What the task asks: In the entries below, find the line with "Your answer should be very brief. -12.63." and the line with "10.85. What is". Reproduce those two lines and every line between them exactly, and nothing more.

Records drawn from a dataset:
※ ※ ※
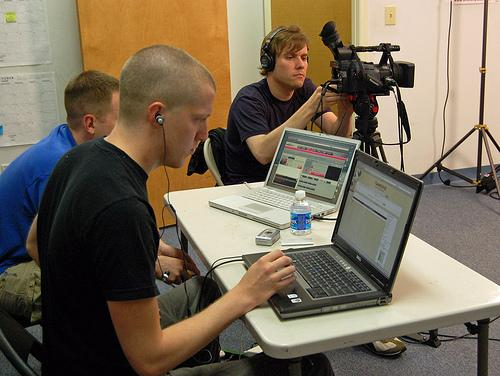Which one is doing silent work?

Choices:
A) none
B) middle
C) right
D) left middle 
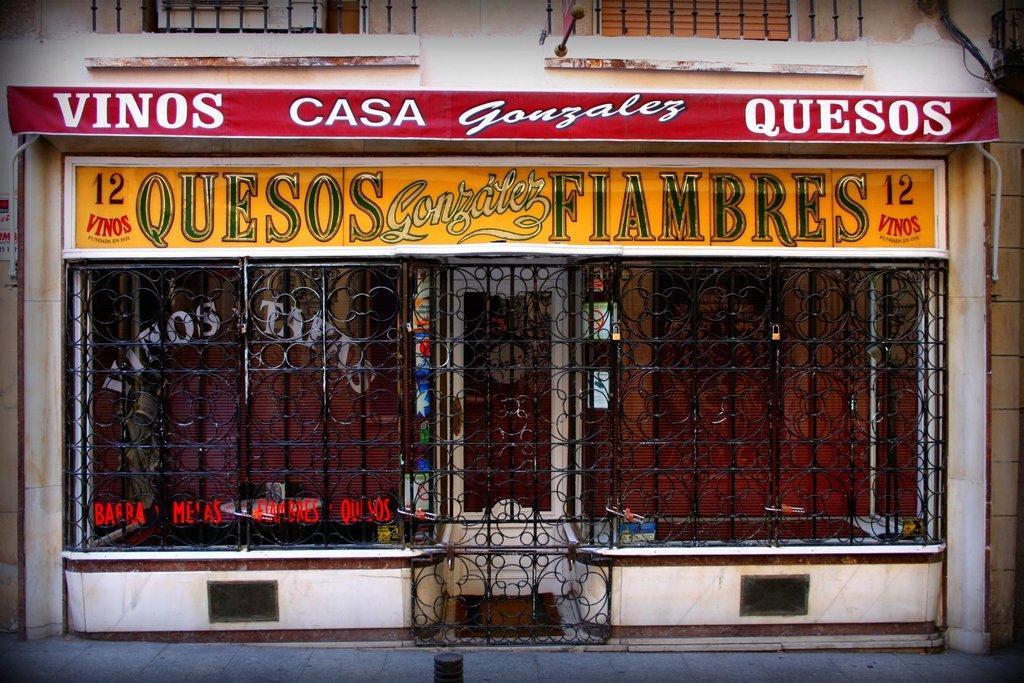Please provide a concise description of this image. In this image there is a grill and in the background there is a building and there are boards with some text written on it. 
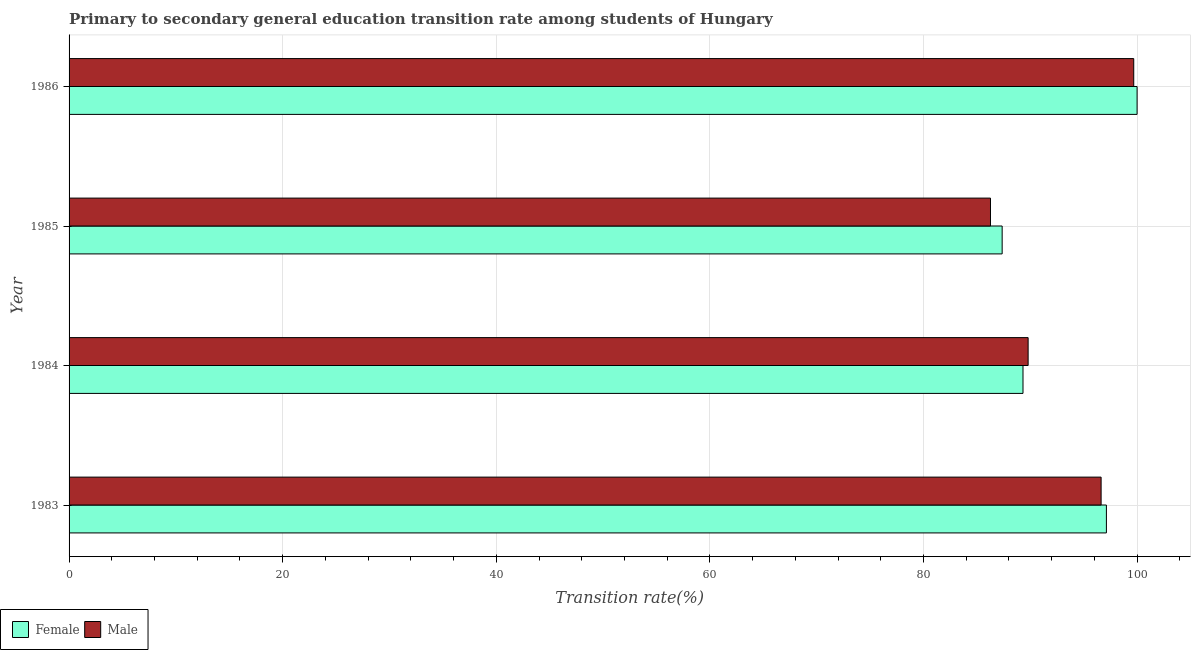How many different coloured bars are there?
Your answer should be very brief. 2. How many groups of bars are there?
Your answer should be compact. 4. Are the number of bars on each tick of the Y-axis equal?
Provide a short and direct response. Yes. How many bars are there on the 3rd tick from the bottom?
Your response must be concise. 2. What is the label of the 3rd group of bars from the top?
Provide a succinct answer. 1984. In how many cases, is the number of bars for a given year not equal to the number of legend labels?
Offer a terse response. 0. What is the transition rate among female students in 1985?
Your answer should be very brief. 87.37. Across all years, what is the maximum transition rate among female students?
Your answer should be compact. 100. Across all years, what is the minimum transition rate among female students?
Your answer should be very brief. 87.37. In which year was the transition rate among female students maximum?
Provide a succinct answer. 1986. What is the total transition rate among male students in the graph?
Keep it short and to the point. 372.39. What is the difference between the transition rate among female students in 1984 and that in 1986?
Your answer should be very brief. -10.68. What is the difference between the transition rate among female students in 1985 and the transition rate among male students in 1983?
Provide a short and direct response. -9.27. What is the average transition rate among male students per year?
Provide a short and direct response. 93.1. In the year 1983, what is the difference between the transition rate among female students and transition rate among male students?
Your answer should be compact. 0.5. In how many years, is the transition rate among male students greater than 40 %?
Provide a short and direct response. 4. What is the ratio of the transition rate among male students in 1984 to that in 1986?
Your response must be concise. 0.9. Is the transition rate among male students in 1983 less than that in 1984?
Give a very brief answer. No. Is the difference between the transition rate among female students in 1984 and 1985 greater than the difference between the transition rate among male students in 1984 and 1985?
Your response must be concise. No. What is the difference between the highest and the second highest transition rate among male students?
Give a very brief answer. 3.05. What is the difference between the highest and the lowest transition rate among female students?
Provide a short and direct response. 12.63. What does the 2nd bar from the bottom in 1985 represents?
Keep it short and to the point. Male. Are all the bars in the graph horizontal?
Provide a succinct answer. Yes. How many years are there in the graph?
Your answer should be compact. 4. What is the difference between two consecutive major ticks on the X-axis?
Ensure brevity in your answer.  20. Does the graph contain any zero values?
Your answer should be compact. No. Where does the legend appear in the graph?
Your answer should be compact. Bottom left. How many legend labels are there?
Your answer should be very brief. 2. What is the title of the graph?
Your answer should be very brief. Primary to secondary general education transition rate among students of Hungary. Does "Underweight" appear as one of the legend labels in the graph?
Your response must be concise. No. What is the label or title of the X-axis?
Give a very brief answer. Transition rate(%). What is the Transition rate(%) in Female in 1983?
Give a very brief answer. 97.13. What is the Transition rate(%) in Male in 1983?
Offer a very short reply. 96.63. What is the Transition rate(%) in Female in 1984?
Provide a succinct answer. 89.32. What is the Transition rate(%) of Male in 1984?
Your answer should be compact. 89.8. What is the Transition rate(%) in Female in 1985?
Your response must be concise. 87.37. What is the Transition rate(%) of Male in 1985?
Your answer should be very brief. 86.27. What is the Transition rate(%) in Male in 1986?
Keep it short and to the point. 99.69. Across all years, what is the maximum Transition rate(%) in Female?
Your answer should be compact. 100. Across all years, what is the maximum Transition rate(%) in Male?
Your answer should be compact. 99.69. Across all years, what is the minimum Transition rate(%) in Female?
Offer a very short reply. 87.37. Across all years, what is the minimum Transition rate(%) in Male?
Offer a very short reply. 86.27. What is the total Transition rate(%) of Female in the graph?
Your response must be concise. 373.81. What is the total Transition rate(%) in Male in the graph?
Your answer should be very brief. 372.39. What is the difference between the Transition rate(%) in Female in 1983 and that in 1984?
Give a very brief answer. 7.81. What is the difference between the Transition rate(%) of Male in 1983 and that in 1984?
Give a very brief answer. 6.83. What is the difference between the Transition rate(%) in Female in 1983 and that in 1985?
Make the answer very short. 9.76. What is the difference between the Transition rate(%) in Male in 1983 and that in 1985?
Offer a terse response. 10.36. What is the difference between the Transition rate(%) of Female in 1983 and that in 1986?
Your answer should be very brief. -2.87. What is the difference between the Transition rate(%) of Male in 1983 and that in 1986?
Your answer should be very brief. -3.05. What is the difference between the Transition rate(%) of Female in 1984 and that in 1985?
Your answer should be compact. 1.95. What is the difference between the Transition rate(%) of Male in 1984 and that in 1985?
Offer a very short reply. 3.52. What is the difference between the Transition rate(%) of Female in 1984 and that in 1986?
Your answer should be compact. -10.68. What is the difference between the Transition rate(%) of Male in 1984 and that in 1986?
Ensure brevity in your answer.  -9.89. What is the difference between the Transition rate(%) in Female in 1985 and that in 1986?
Your answer should be very brief. -12.63. What is the difference between the Transition rate(%) in Male in 1985 and that in 1986?
Offer a terse response. -13.41. What is the difference between the Transition rate(%) of Female in 1983 and the Transition rate(%) of Male in 1984?
Ensure brevity in your answer.  7.33. What is the difference between the Transition rate(%) of Female in 1983 and the Transition rate(%) of Male in 1985?
Ensure brevity in your answer.  10.85. What is the difference between the Transition rate(%) of Female in 1983 and the Transition rate(%) of Male in 1986?
Give a very brief answer. -2.56. What is the difference between the Transition rate(%) of Female in 1984 and the Transition rate(%) of Male in 1985?
Give a very brief answer. 3.04. What is the difference between the Transition rate(%) of Female in 1984 and the Transition rate(%) of Male in 1986?
Offer a very short reply. -10.37. What is the difference between the Transition rate(%) in Female in 1985 and the Transition rate(%) in Male in 1986?
Keep it short and to the point. -12.32. What is the average Transition rate(%) in Female per year?
Your answer should be very brief. 93.45. What is the average Transition rate(%) in Male per year?
Offer a terse response. 93.1. In the year 1983, what is the difference between the Transition rate(%) of Female and Transition rate(%) of Male?
Offer a very short reply. 0.5. In the year 1984, what is the difference between the Transition rate(%) of Female and Transition rate(%) of Male?
Provide a succinct answer. -0.48. In the year 1985, what is the difference between the Transition rate(%) in Female and Transition rate(%) in Male?
Keep it short and to the point. 1.09. In the year 1986, what is the difference between the Transition rate(%) in Female and Transition rate(%) in Male?
Your answer should be compact. 0.31. What is the ratio of the Transition rate(%) in Female in 1983 to that in 1984?
Provide a succinct answer. 1.09. What is the ratio of the Transition rate(%) in Male in 1983 to that in 1984?
Provide a succinct answer. 1.08. What is the ratio of the Transition rate(%) in Female in 1983 to that in 1985?
Your answer should be very brief. 1.11. What is the ratio of the Transition rate(%) of Male in 1983 to that in 1985?
Ensure brevity in your answer.  1.12. What is the ratio of the Transition rate(%) of Female in 1983 to that in 1986?
Provide a short and direct response. 0.97. What is the ratio of the Transition rate(%) in Male in 1983 to that in 1986?
Offer a very short reply. 0.97. What is the ratio of the Transition rate(%) in Female in 1984 to that in 1985?
Keep it short and to the point. 1.02. What is the ratio of the Transition rate(%) in Male in 1984 to that in 1985?
Your answer should be compact. 1.04. What is the ratio of the Transition rate(%) in Female in 1984 to that in 1986?
Ensure brevity in your answer.  0.89. What is the ratio of the Transition rate(%) in Male in 1984 to that in 1986?
Ensure brevity in your answer.  0.9. What is the ratio of the Transition rate(%) of Female in 1985 to that in 1986?
Offer a terse response. 0.87. What is the ratio of the Transition rate(%) in Male in 1985 to that in 1986?
Your response must be concise. 0.87. What is the difference between the highest and the second highest Transition rate(%) of Female?
Make the answer very short. 2.87. What is the difference between the highest and the second highest Transition rate(%) of Male?
Your answer should be compact. 3.05. What is the difference between the highest and the lowest Transition rate(%) in Female?
Ensure brevity in your answer.  12.63. What is the difference between the highest and the lowest Transition rate(%) of Male?
Keep it short and to the point. 13.41.
※ ※ ※
Problem solution:
Your answer should be very brief. -12.63. What is the difference between the Transition rate(%) in Male in 1985 and that in 1986?
Offer a terse response. -13.41. What is the difference between the Transition rate(%) of Female in 1983 and the Transition rate(%) of Male in 1984?
Ensure brevity in your answer.  7.33. What is the difference between the Transition rate(%) of Female in 1983 and the Transition rate(%) of Male in 1985?
Ensure brevity in your answer.  10.85. What is the difference between the Transition rate(%) of Female in 1983 and the Transition rate(%) of Male in 1986?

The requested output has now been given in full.